Noise level is another decisive factor, especially in shared spaces: a quiet hood (<60 dB) limits cognitive fatigue and improves working comfort. Some hoods also have several adjustable suction speeds , ideal for adjusting the intensity according to the nature of the handling. By combining efficiency and discretion, you create an environment that is both efficient and pleasant to live in.

Materials, dimensions and ergonomics: the right reflexes

The choice of materials for a laboratory fume hood directly influences its strength, longevity, and ease of maintenance. Stainless steel is often preferred for its rust-proof properties and ability to resist corrosive chemicals. Some models also include tempered glass or epoxy surfaces for better visibility and easier cleaning.

The work surface , the height of the visor and the angle of the front (inclined or vertical) must be chosen according to the morphology of the users and the type of handling. Well-thought-out ergonomics limits musculoskeletal disorders (MSDs) and improves the efficiency of movements. Also consider the internal work volume , especially if you use bulky equipment or work with several people.

Maintenance, alarms and integrated security

A high-performance laboratory fume hood should be designed to facilitate maintenance and ensure continuous safety. Check for built-in alarm systems, such as insufficient airflow alerts, filter saturation indicators, or service indicator lights. These features allow for rapid response in the event of a fault.

When it comes to maintenance, choose a hood with easily accessible filters that can be washed or replaced without complex tools. Some hoods also allow quick access to the plenum (air distribution box) to check for leaks or proper turbine operation. Simplified maintenance extends the life of the equipment and reduces operating costs.

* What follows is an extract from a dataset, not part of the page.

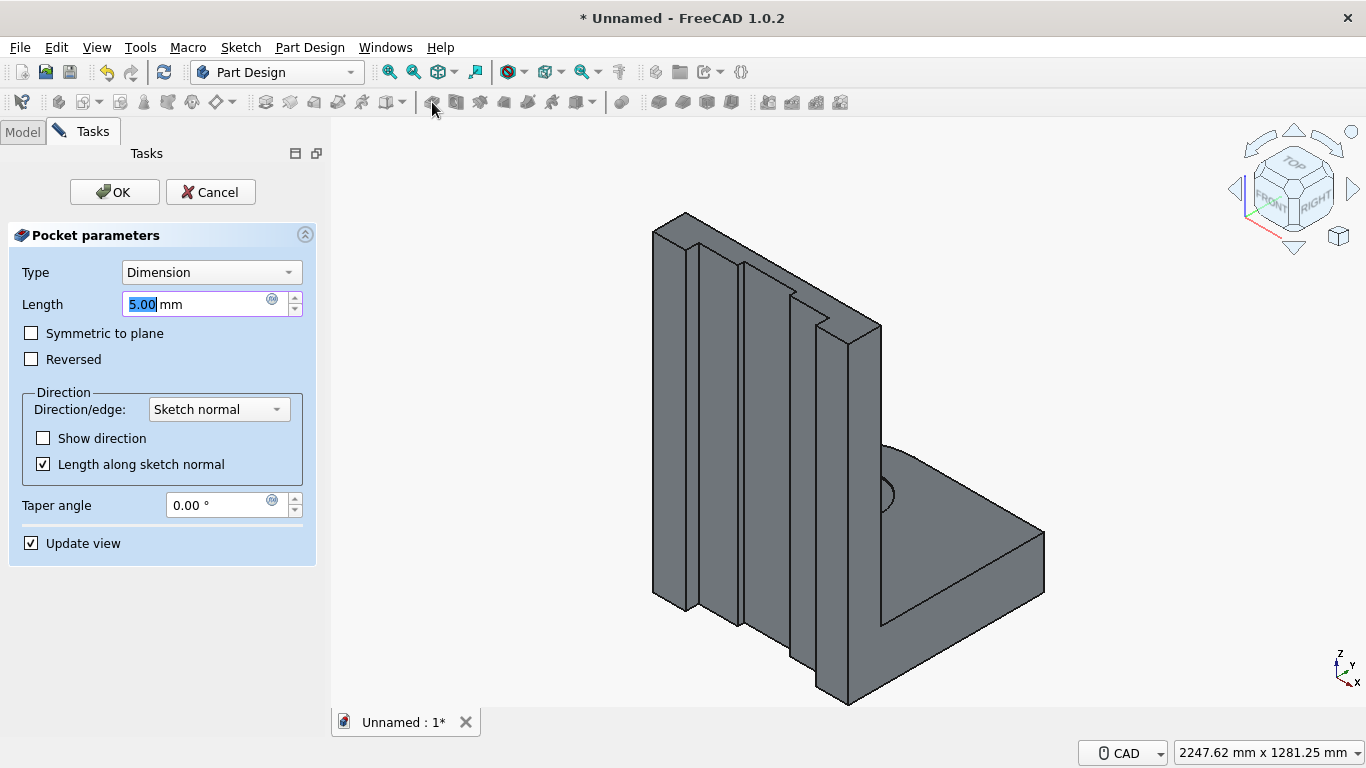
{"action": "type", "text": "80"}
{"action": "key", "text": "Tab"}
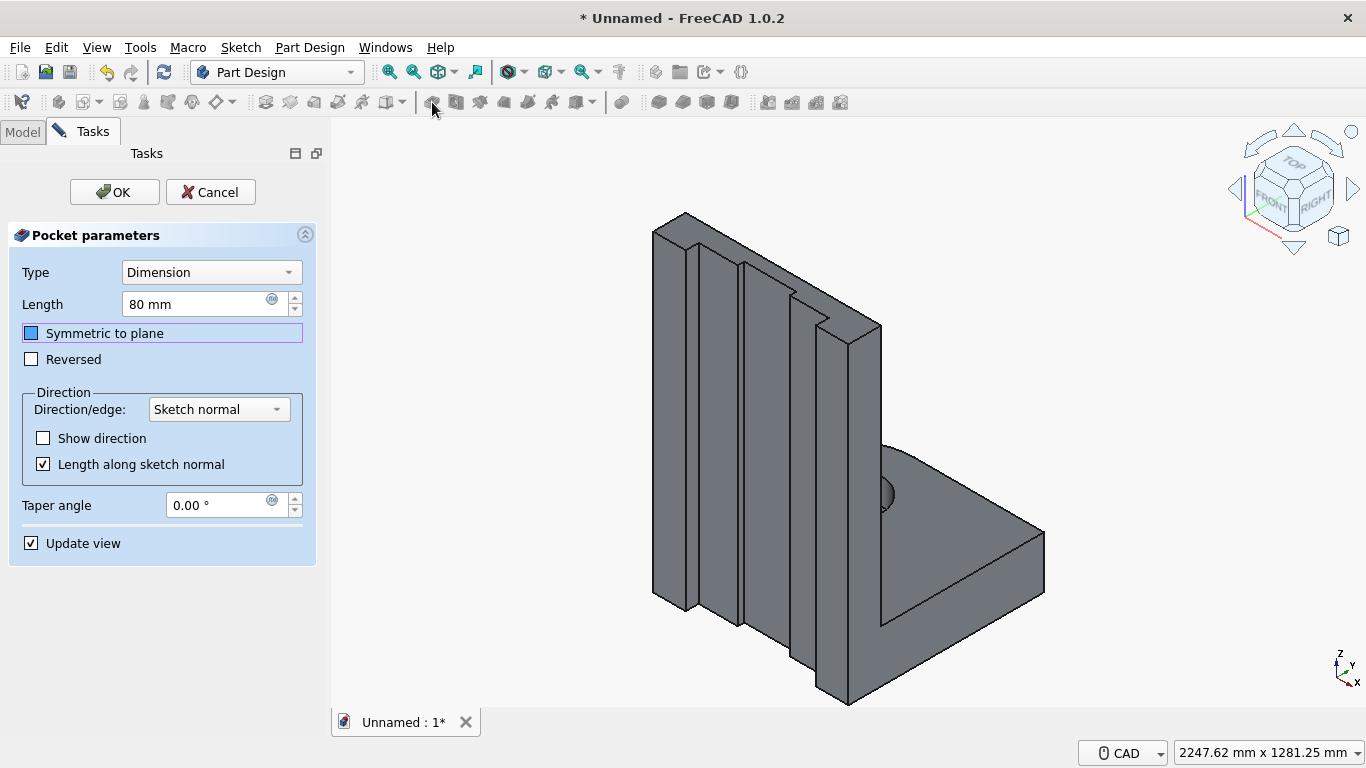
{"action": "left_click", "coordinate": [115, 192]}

Airflow and suction performance

The airflow of a laboratory fume hood is a fundamental criterion for ensuring effective extraction of vapors, dust, or microorganisms. An improperly calibrated airflow can compromise user protection and filter effectiveness. The ideal is a controlled laminar or turbulent flow, adapted to the type of substances handled.

The most efficient hoods have automatic flow control systems, which adjust in real time depending on the workload or filter clogging. Also check the suction power and the coverage of the capture area, which must encompass the entire work surface, including depth. Good capture limits the spread of contaminants in the laboratory.